What can the maximum number of digits be in the repeating block of digits in the decimal expansion of \frac{1}{17}? Perform the division to check your answer.
Answer:
The maximum number of digits in the repeating block of digits in the decimal expansion of \frac{1}{17} can be 16(17 – 1).

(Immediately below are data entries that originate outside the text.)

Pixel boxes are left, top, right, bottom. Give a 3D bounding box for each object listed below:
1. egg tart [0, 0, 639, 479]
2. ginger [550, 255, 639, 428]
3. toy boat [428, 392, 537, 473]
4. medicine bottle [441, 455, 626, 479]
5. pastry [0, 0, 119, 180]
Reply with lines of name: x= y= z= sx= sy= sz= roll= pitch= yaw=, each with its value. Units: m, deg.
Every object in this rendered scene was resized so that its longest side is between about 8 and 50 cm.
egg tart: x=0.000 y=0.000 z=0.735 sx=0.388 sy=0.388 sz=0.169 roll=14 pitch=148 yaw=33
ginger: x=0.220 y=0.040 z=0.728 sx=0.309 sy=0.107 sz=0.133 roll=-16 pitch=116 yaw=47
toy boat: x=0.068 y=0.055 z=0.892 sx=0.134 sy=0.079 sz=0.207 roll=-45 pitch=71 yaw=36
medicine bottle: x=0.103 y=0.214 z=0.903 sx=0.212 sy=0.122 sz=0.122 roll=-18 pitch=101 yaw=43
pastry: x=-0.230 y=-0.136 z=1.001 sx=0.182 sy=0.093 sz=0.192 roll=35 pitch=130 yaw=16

Thus, \frac{1}{17} = 0.\overline{0588235294117647}
Here, 17 – 1 16 gives the maximum possible number of digits in the repeating block of digits in the decimal expansion of \frac{1}{17}. In some other cases, the number of digits in the repeating block of digits in the decimal expansion of \frac{1}{m} can be smaller than (m – 1), where m is a natural number.
For example, \frac{1}{13} = 0 . \overline{076923} has only 6 digits (not 12) in the repeating block of digits in the decimal expansion.
Question 6.
Look at several examples of rational numbers in the form \frac{p}{q} (q ≠ 0), where p and q are integers with no common factors other than 1 and having terminating decimal representations (expansions). Can you guess what property q must satisfy?
Answer:
\frac{1}{2} = 0.5, \frac{1}{5} = 0.2, \frac{1}{10} = 0.1,
\frac{1}{4} = 0.25, \frac{1}{8} = 0.125, \frac{1}{16} = 0.0625,
\frac{1}{25} = 0.04, \frac{1}{125} = 0.008, \frac{1}{625} = 0.0016,
\frac{1}{20} = 0.05, \frac{1}{50} = 0.02 etc.

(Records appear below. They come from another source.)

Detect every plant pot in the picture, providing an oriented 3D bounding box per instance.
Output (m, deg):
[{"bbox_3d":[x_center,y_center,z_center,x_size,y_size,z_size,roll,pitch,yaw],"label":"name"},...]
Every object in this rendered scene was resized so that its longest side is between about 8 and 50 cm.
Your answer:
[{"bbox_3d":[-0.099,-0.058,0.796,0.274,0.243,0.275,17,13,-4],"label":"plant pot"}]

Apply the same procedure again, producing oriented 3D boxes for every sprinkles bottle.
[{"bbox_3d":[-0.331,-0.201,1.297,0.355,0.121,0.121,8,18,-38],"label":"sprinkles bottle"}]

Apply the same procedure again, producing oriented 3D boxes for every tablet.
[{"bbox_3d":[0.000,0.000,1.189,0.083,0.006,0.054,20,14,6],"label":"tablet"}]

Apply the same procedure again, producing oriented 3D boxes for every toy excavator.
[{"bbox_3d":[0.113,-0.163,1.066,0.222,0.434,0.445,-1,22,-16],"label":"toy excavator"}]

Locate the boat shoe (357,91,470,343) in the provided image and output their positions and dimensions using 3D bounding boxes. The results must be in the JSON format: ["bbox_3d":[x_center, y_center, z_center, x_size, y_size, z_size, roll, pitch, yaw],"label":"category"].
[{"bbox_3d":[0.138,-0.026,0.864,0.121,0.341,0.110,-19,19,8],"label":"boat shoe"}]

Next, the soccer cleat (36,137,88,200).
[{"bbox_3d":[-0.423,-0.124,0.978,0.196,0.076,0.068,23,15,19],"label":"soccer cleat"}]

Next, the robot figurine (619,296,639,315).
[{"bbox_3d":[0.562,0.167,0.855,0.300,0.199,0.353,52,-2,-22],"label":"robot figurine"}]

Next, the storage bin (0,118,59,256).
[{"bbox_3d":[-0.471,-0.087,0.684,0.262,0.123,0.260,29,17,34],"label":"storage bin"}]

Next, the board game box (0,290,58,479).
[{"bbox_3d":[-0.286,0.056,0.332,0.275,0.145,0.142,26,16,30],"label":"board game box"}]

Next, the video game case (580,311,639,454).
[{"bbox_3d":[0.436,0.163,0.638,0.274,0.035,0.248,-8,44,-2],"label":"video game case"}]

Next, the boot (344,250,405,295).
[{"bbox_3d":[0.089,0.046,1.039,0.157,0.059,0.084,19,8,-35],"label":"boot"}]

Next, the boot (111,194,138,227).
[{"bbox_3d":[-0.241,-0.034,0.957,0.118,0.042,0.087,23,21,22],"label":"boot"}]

But, \frac{1}{3} = 0.\overline{3}, \frac{1}{7} = 0 . \overline{142857}, \frac{1}{6} = 0.1\overline{6} etc.
This suggest that the decimal expansion of a rational number \frac{\boldsymbol{P}}{\boldsymbol{q}} is terminating if and only if q has no prime factors other than 2 and 5. in other words, q = 2m5n, where m and n are whole numbers.
Question 7.
Write three numbers whose decimal expansions are non-terminating non-recurring.
Answer:
We know that the decimal expansion of an irrational number is non-terminating non recurring. There are infinitely many irrational numbers. We can state few of them as below:
o.o1001000100001 …,
0.02002000200002…., 0.50500500050000… are a few required numbers in the decimal form. The decimal expansions of numbers like √2, √3, √5, \sqrt[3]{10}, etc. are also non- terminating non-recurring.
Question 8.
Find three different irrational numbers between the rational numbers \frac{5}{7} and \frac{9}{11}
Answer:
We know that \frac{5}{7} = 0 . \overline{714285} and \frac{9}{11} = 0 . \overline{81}
There are actually infinitely many irrational numbers between these recurring decimals. Three irrational numbers between them can be stated as below:
0.720720072000 …, 0.750750075000 …
0.780780078000….
As you see, the above numbers are non-terminating non-recurring. Hence, they are irrational numbers.
Question 9.
Classify the following numbers as rational or irrational:
(i) √23
Answer:
√23 is an irrational number.
(ii) √225
Answer:
√225 = 15 is a rational number
(iii) 0.3796
Answer:
0.3796 is a rational number.
(iv) 7.478478……..
Answer:
7.478478…… = 7 . \overline{478} is a rational number.
(v) 1.101001000100001…….
Answer:
1.101001000100001……. is an irrational number.